WORK REQUIRED: An exact copy of the entries is needed, with every picture left out.

MATERIAL FOR THE TASK:
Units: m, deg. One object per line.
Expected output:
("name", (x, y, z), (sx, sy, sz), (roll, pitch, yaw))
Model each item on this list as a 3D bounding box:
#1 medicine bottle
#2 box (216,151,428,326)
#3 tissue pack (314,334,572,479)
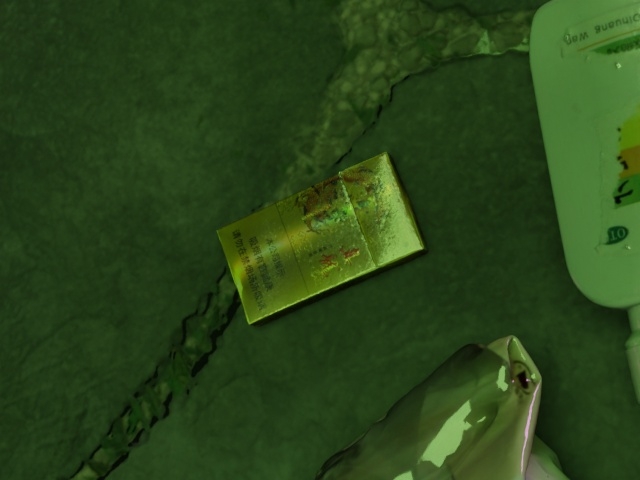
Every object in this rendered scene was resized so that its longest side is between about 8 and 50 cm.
("medicine bottle", (0.247, -0.038, 0.955), (0.161, 0.111, 0.296), (-13, 79, 27))
("box", (0.000, 0.000, 1.080), (0.156, 0.022, 0.089), (-23, 76, 14))
("tissue pack", (0.072, 0.310, 0.919), (0.390, 0.195, 0.375), (-39, 65, 10))

ANSWER FOR THE TASK:
Units: m, deg. One object per line.
Expected output:
("name", (x, y, z), (sx, sy, sz), (roll, pitch, yaw))
Model each item on this list as a 3D bounding box:
#1 medicine bottle
#2 box (216,151,428,326)
#3 tissue pack (314,334,572,479)
Every object in this rendered scene was resized so that its longest side is between about 8 and 50 cm.
("medicine bottle", (0.247, -0.038, 0.955), (0.161, 0.111, 0.296), (-13, 79, 27))
("box", (0.000, 0.000, 1.080), (0.156, 0.022, 0.089), (-23, 76, 14))
("tissue pack", (0.072, 0.310, 0.919), (0.390, 0.195, 0.375), (-39, 65, 10))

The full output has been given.